Sounds like a bug if you’re getting caseclause error. Can you put an issue up with a repro?
Pegasus.Component is an internal tool that is used to help parse PEG grammars, those functions generate nimbleparsec definitions that are used internally by Pegasus.
I was messing around a bit more, here’s an incomplete example of json parsing with PEG (a few post_traverse functions are missing). If you don’t tag or collect, the data comes in reverse. When collected/tagged, it is a charlist. There are quite a few post_traverse functions in here.
Also, for the curious, it doesn’t come close to the performance of Jason. Haven’t had a chance to do any profiling, so not sure where the bottlenecks are, but let’s be honest, having a human-readable grammar for JSON is pretty incredible.
Thanks for the examples. Having seen this I went back to NimbleParsec docs — I didn’t pick up that post_traverse() needs to return {rest, List.t(), context}, and had it return a map instead. Maybe some Livebook tutorials may be helpful; I’ll see if I can build something after I’ve gotten more familiar.

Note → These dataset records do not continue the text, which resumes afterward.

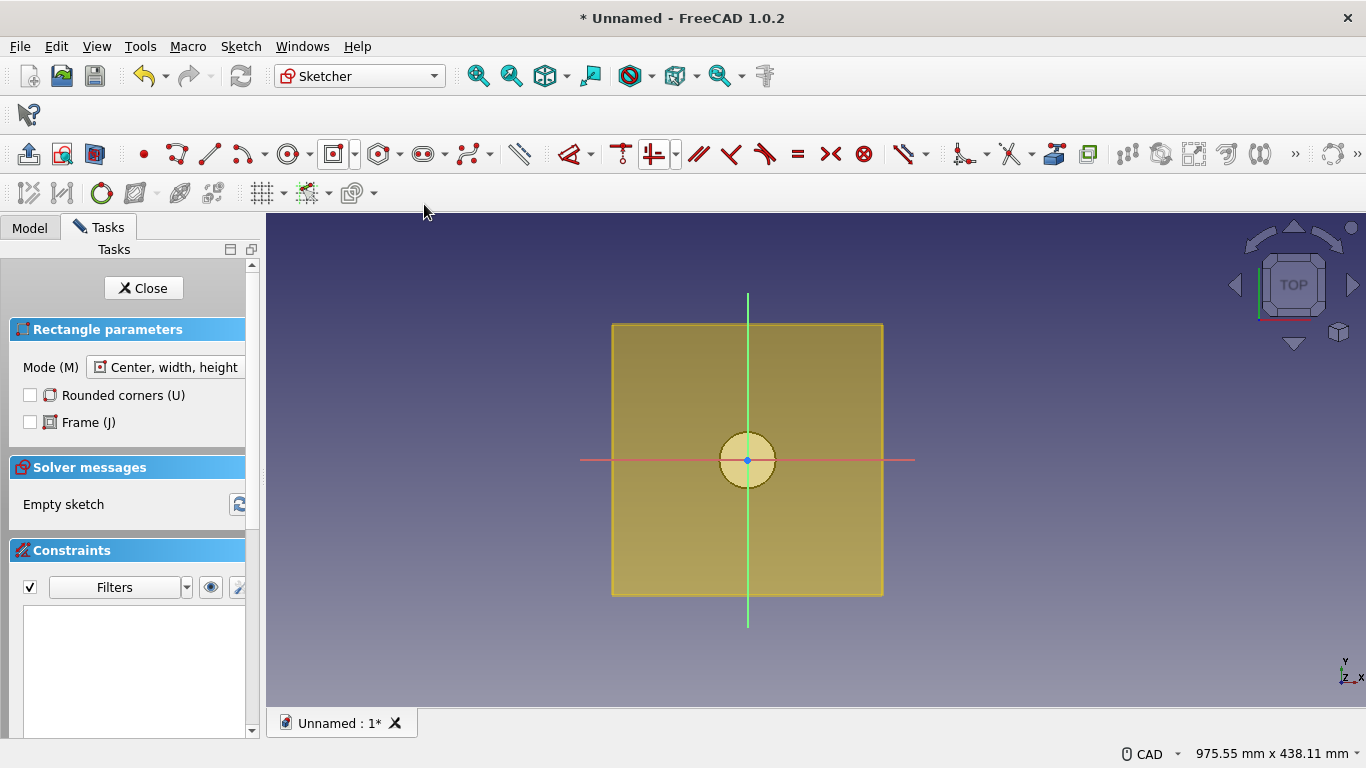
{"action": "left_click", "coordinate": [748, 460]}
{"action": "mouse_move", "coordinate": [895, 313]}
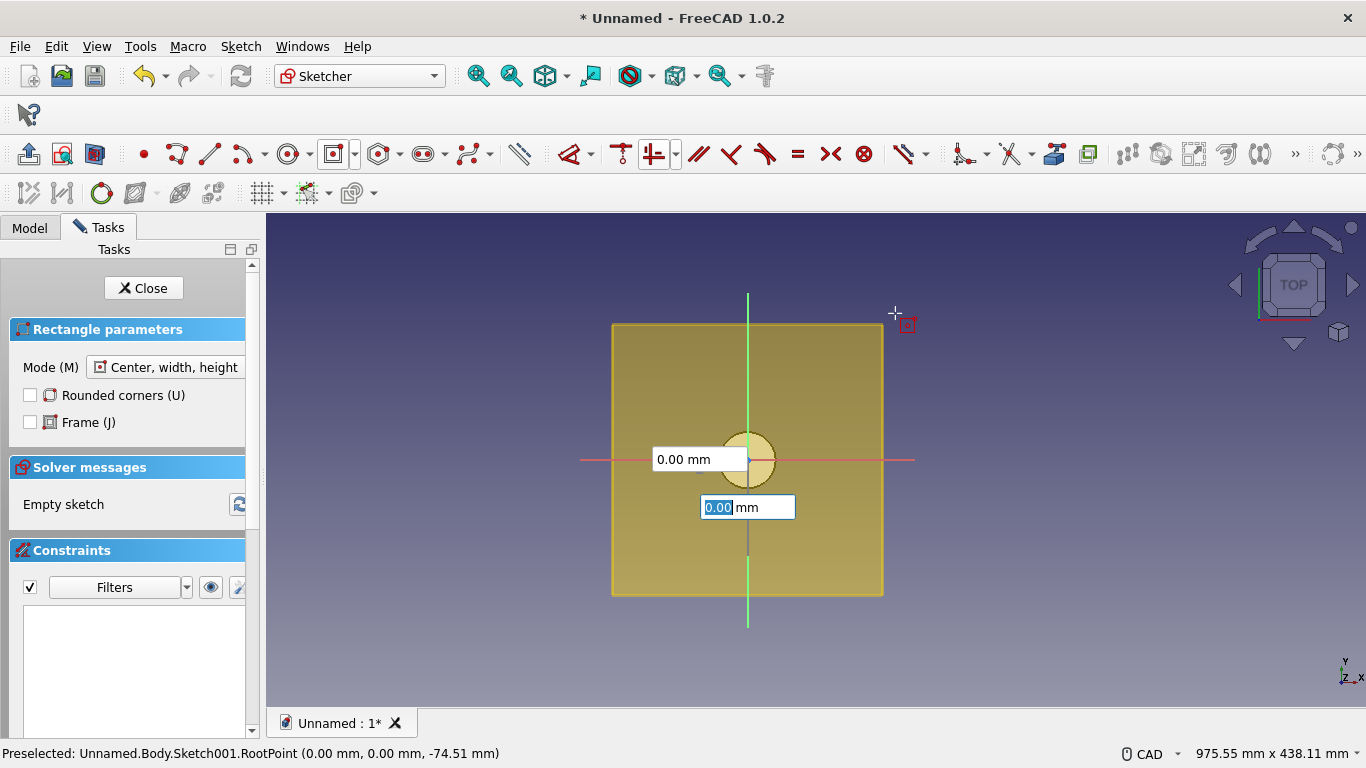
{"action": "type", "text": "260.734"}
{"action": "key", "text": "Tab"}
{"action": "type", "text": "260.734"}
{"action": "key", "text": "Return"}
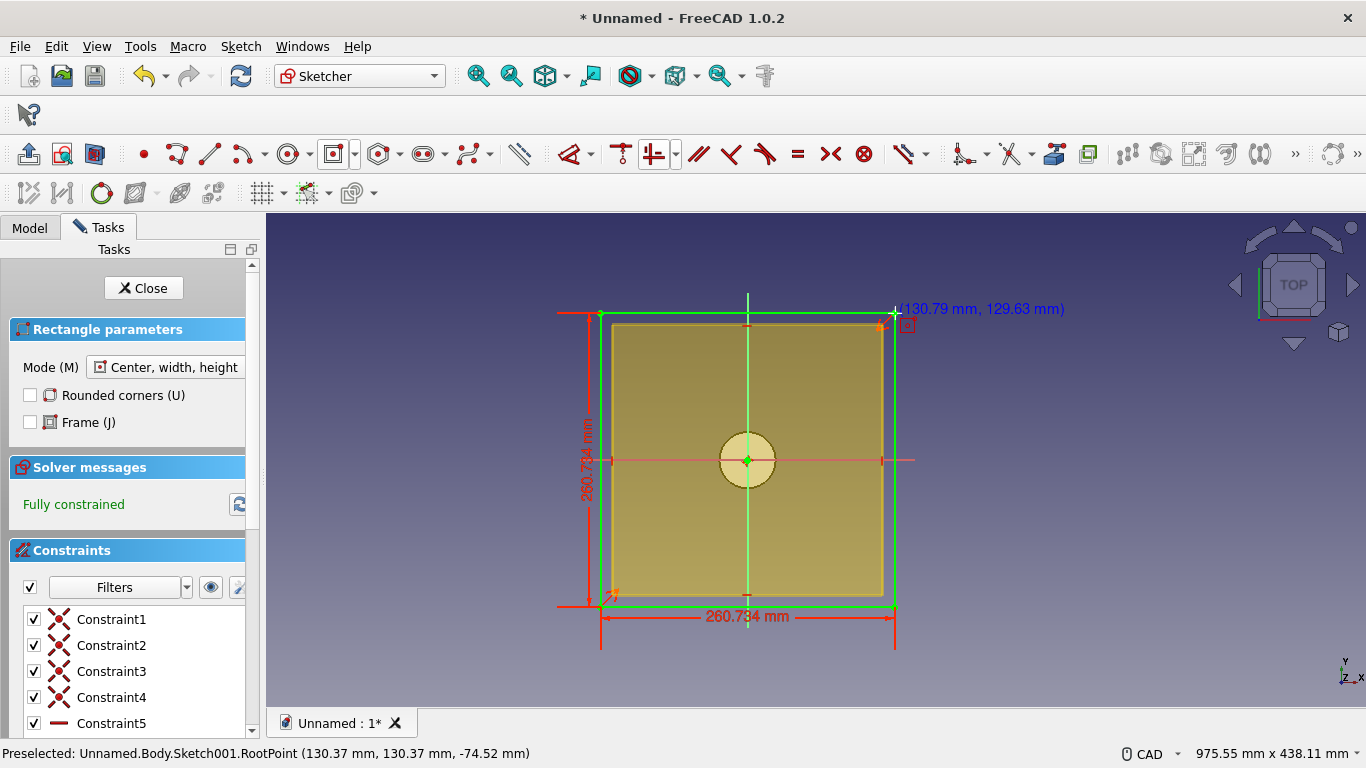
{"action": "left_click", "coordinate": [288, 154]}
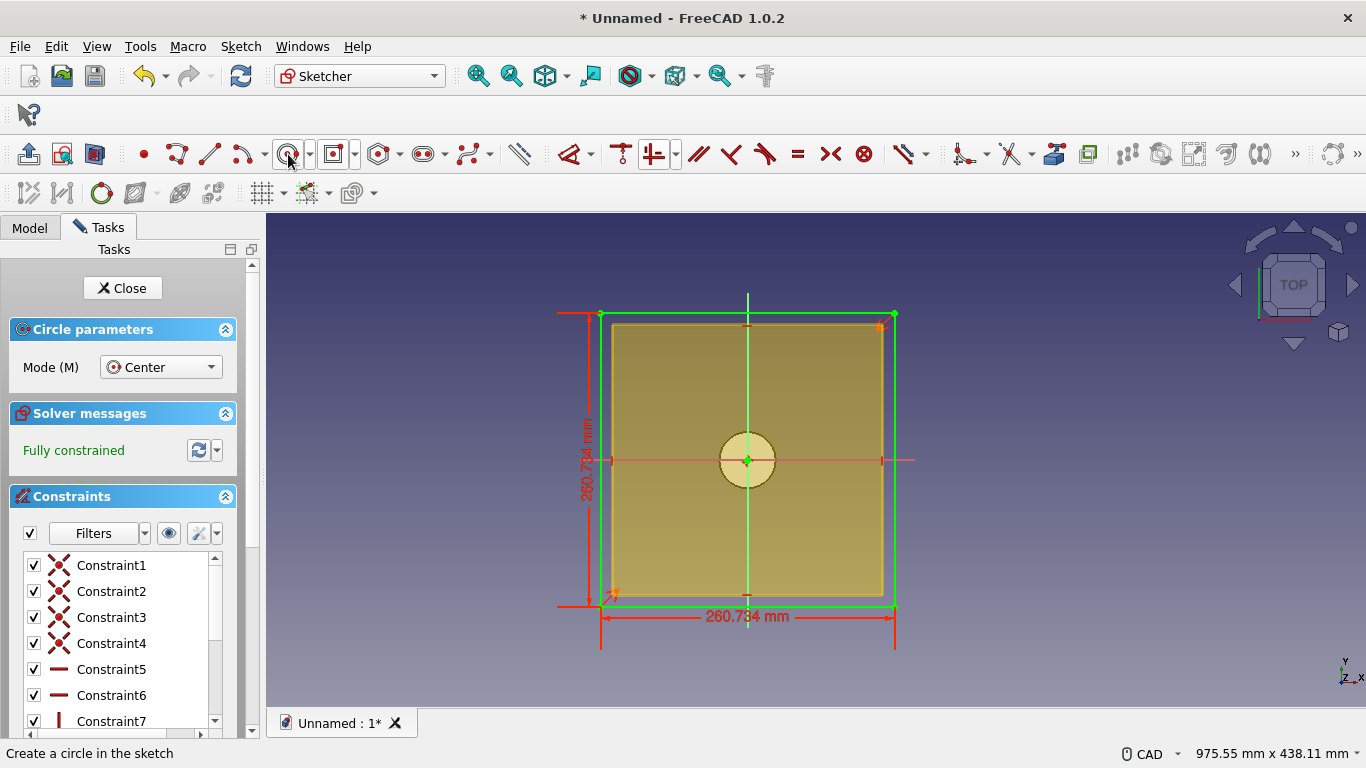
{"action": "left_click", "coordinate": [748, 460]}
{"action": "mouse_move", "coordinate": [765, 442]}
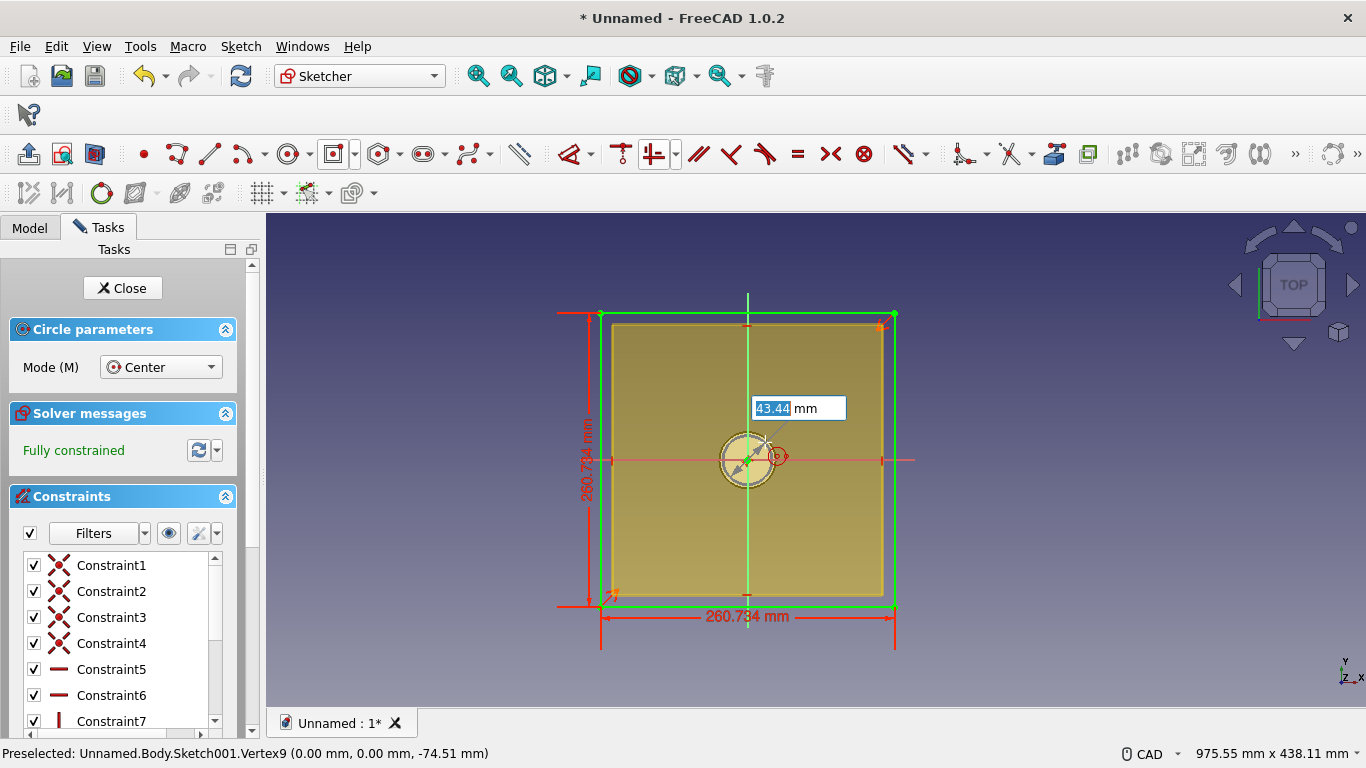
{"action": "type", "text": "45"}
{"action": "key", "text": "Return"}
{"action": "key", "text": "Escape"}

Edit I had been parsing SVG path drawing instructions with very ugly regexes, with a series of
I expected a return for :cjk_char of ["我"], ["三"], and ["a"], but instead received:
[<<230>>]
[<<228>>]
["a"]
I think this is matching the char, but collecting only the first bit. Is this expected behaviour (in which case is it possible to work with non-alphanumeric ranges?)?